LETTERA A DONNARUMMA/ "Gigio", segui quello che hai nel cuore e non ti curar di noi

Luigi Donnarumma lascia il Milan per il Real Madrid. I tifosi del Milan gliene dicono di tutti i colori. Ma cosa deve fare in un caso simile, un giovane di 18 anni? LORENZO ETTORRE

"Gigio" Donnarumma (LaPresse)

Caro Gigio,
la vicenda di calciomercato che ti vede protagonista in questi giorni sta sfuggendo di mano a molti, che sull'onda di un entusiasmo spesso mortifero giudicano mozzando pezzi di realtà che proprio un dettaglio non sono. 

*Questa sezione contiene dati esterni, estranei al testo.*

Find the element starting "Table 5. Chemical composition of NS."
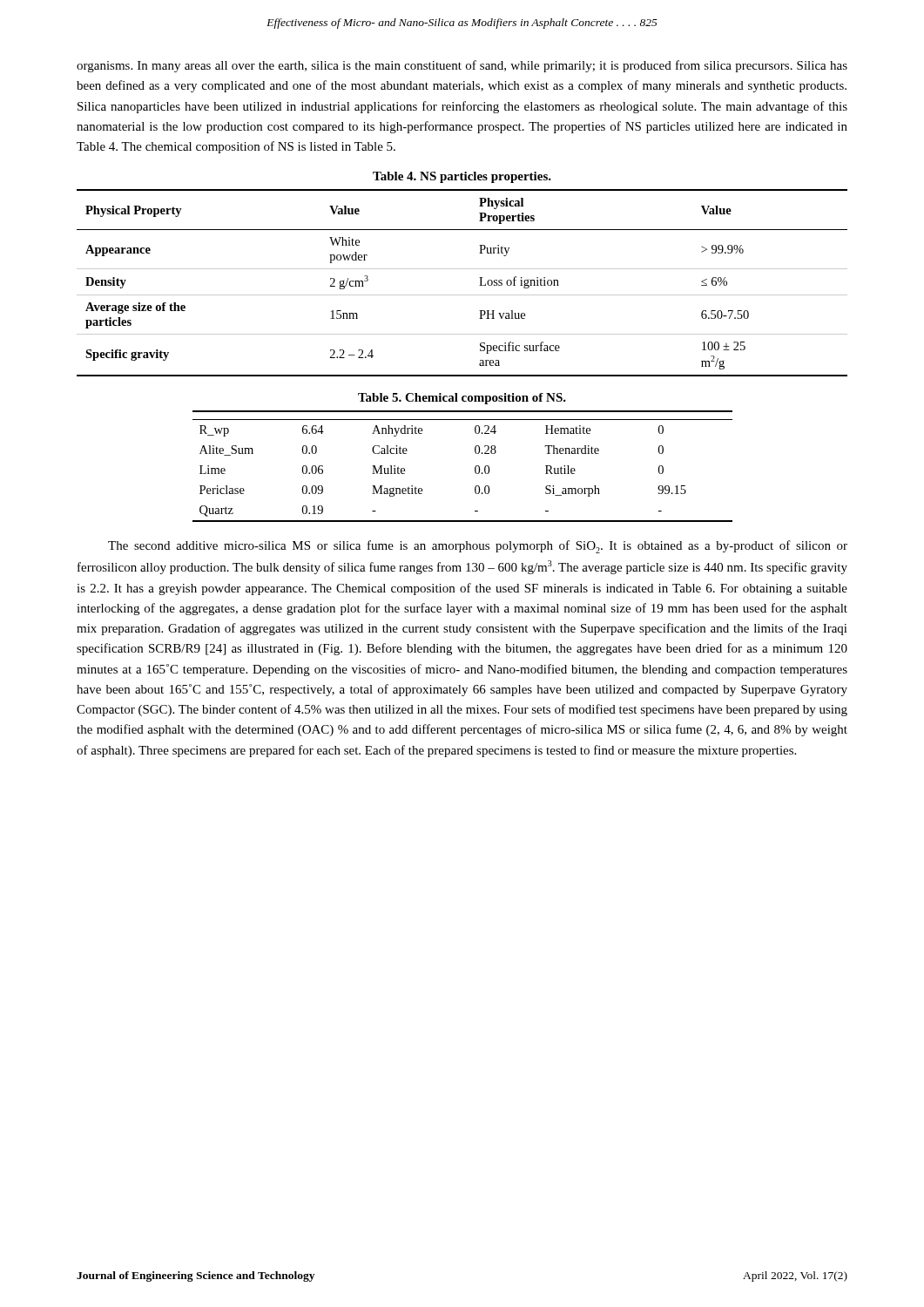462,397

"Mi stanno massacrando", hai confidato amaramente ai tuoi compagni di squadra durante il ritiro in nazionale under 21. E in effetti è stato un vero e proprio linciaggio quello che ti hanno riservato i tifosi del Milan (e non solo loro) dopo che hai rifiutato il rinnovo di contratto propostoti dal club. A pesare, e ad essere usato contro di te, è stato l'ormai famoso bacio alla maglia la sera di Juventus-Milan. Il "bacio di Gigio" è diventato improvvisamente il "bacio di Giuda". 

Abbi pazienza, Gigio. Cerca di leggere un bisogno sincero di fedeltà — cioè di verità — nelle parole a volte esagerate che noi tifosi ti abbiamo vomitato addosso: non siamo cattivi, siamo affamati. Affamati di bellezza. Nel calcio, come in tutto il resto. E negli idoli che ci costruiamo, nelle nicchie dei nostri totem sportivi riversiamo tanta della nostra amara e delusa speranza quotidiana. Ogni errore è una verità impazzita, ha scritto Chesterton, centrando il punto. 

Insegno in una scuola superiore, i miei ragazzi stanno per iniziare la maturità, e hanno la tua stessa età. Permettimi di dirti quanto ho incessantemente ricordato loro durante quest'anno di studio matto e speranzosissimo: "vai avanti". Rischia sul tuo futuro come è giusto che faccia un ragazzo non ancora ventenne; dai spazio all'ipotesi di bene che hai nel cuore, quale che sia, senza ingabbiarla nei pregiudizi degli altri, nei tuoi, o in quelli di qualsivoglia procuratore; non sei un traditore, non sei un fallito: sei un uomo che vive, sei un uomo che ci prova, con i suoi limiti e con le sue attese, con i suoi schemi e con le sue idee. 

Per quello che vale, io sto con te, come sto con ogni uomo che, appunto, "ci prova", da qualunque luogo provenga e in qualunque luogo sia diretto. Non tradisce chi rinnega un'idea, chi cambia squadra, ma tradisce chi rinnega se stesso; le due cose possono coincidere, ma possono anche non coincidere affatto. E allora, vai dove vuoi, ma ricordati da dove vieni, cioè ricordati che la tua casa è il posto dove vorrai sempre tornare.